Does anyone know if there is a formula for the following problem?
And if so, what may it be?

If you have two different options for a bet and both are paying over $2 then it is possible to place a certain amount of money on both bets that will not only pay you for your desired return but also pays for the money invested on the losing bet.

E.g

Desired Return = $100
Bet 1 Odds = $5.50
Bet 2 odds = $2.75

If i put on $40 @ $5.50 it’ll return $220,
And if i put $80 @ $2.75 it’ll return $220.

$220 – $120 (both bet amounts) = $100 my desired return.

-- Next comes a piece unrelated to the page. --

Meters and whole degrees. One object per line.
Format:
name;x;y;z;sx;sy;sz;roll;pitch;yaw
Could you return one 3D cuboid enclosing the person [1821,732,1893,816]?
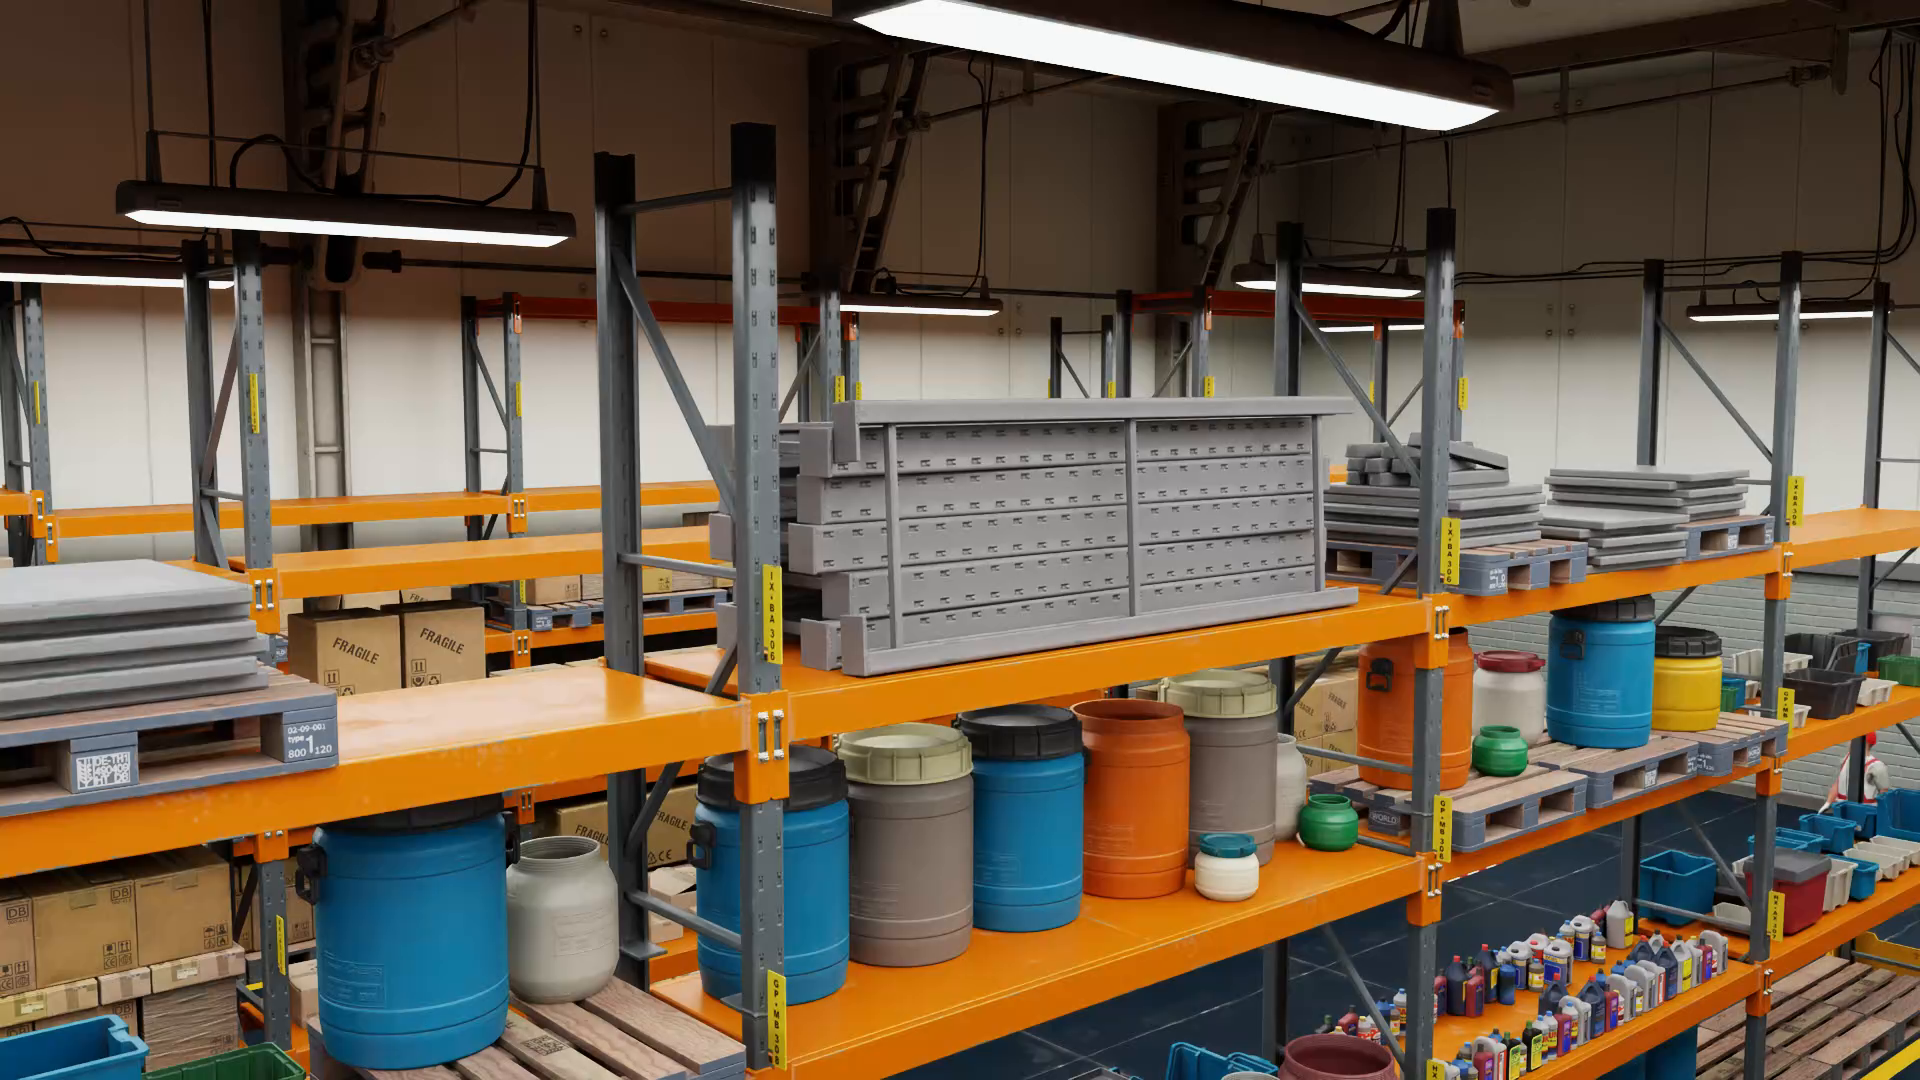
person;8.818;2.743;16.384;0.650;1.767;0.931;5;7;40

Just as long as one of these two bets wins.

So what formula would be used to find out the amount to put on the two bets when only the odds and desired return are known?

Using the odds you used first you'd need to find the minimum amount you would need for each individual odd to return the amount you desire

in this case it would be:

$100 / $5.50 = $18 to win $100
and
$100 / $2.75 = $36 to win $100

This will return you $200 if they both win, but you're trying to offset the cost if you lose one.

So now you have to find the amount you'd need to bet on bet 1 if bet 2 loses.

$136 / $5.50 = $24 to win $100 and cover the loss from bet 2

And you have to find the amount you'd need to bet on bet 2 if bet 1 loses.

$118 / $2.75 = $42 to win $100 and cover the loss from bet 1

So it would be

Bet 1: $24 @ $5.50
Bet 2: $42 @ $2.75

If both wins you should return $242, if only one wins it should return $100(ish)

I may have my numbers wrong but it's late and I'm tired.

 

[underdog]

"The house always wins"

thats why when teams are dead heated, the are both at $1.90 - the 10 cents is the margin the sports tab make on even bets, and if you chuck a 20 on BOTH teams, you will lose.

The best options only come up when something affects the result before the game- something like this.

Tigers vs Newcastle - kick off sunday

* Tuesday - teams released - No injuries, cept for Gidley. - Tigers paying $1.55 - Newcastle - $2.70 - Put 25 Bucks on Newcastle @2.70 (bear with me here)

* Wednesday - Knights sign Willie Mason - fighting fit, rearing to go. Gidley is cleared to play on the weekend - average punters think Newcaslte might win, and back them into $2.10 - Tigers are paying $1.75

* Thursday - Benji Marshall rolls ankle at training and knocks Farah in the nose- both effectively ruled out by Dr Quah. Newcastle get money dumped on and firm into $1.45 favourites, Tigers out to $2.85

*Saturday - News on the forums that Marshall and Farah are cleared, nothing official yet - JUMP ON the tigers at 2.85 - 30 bucks.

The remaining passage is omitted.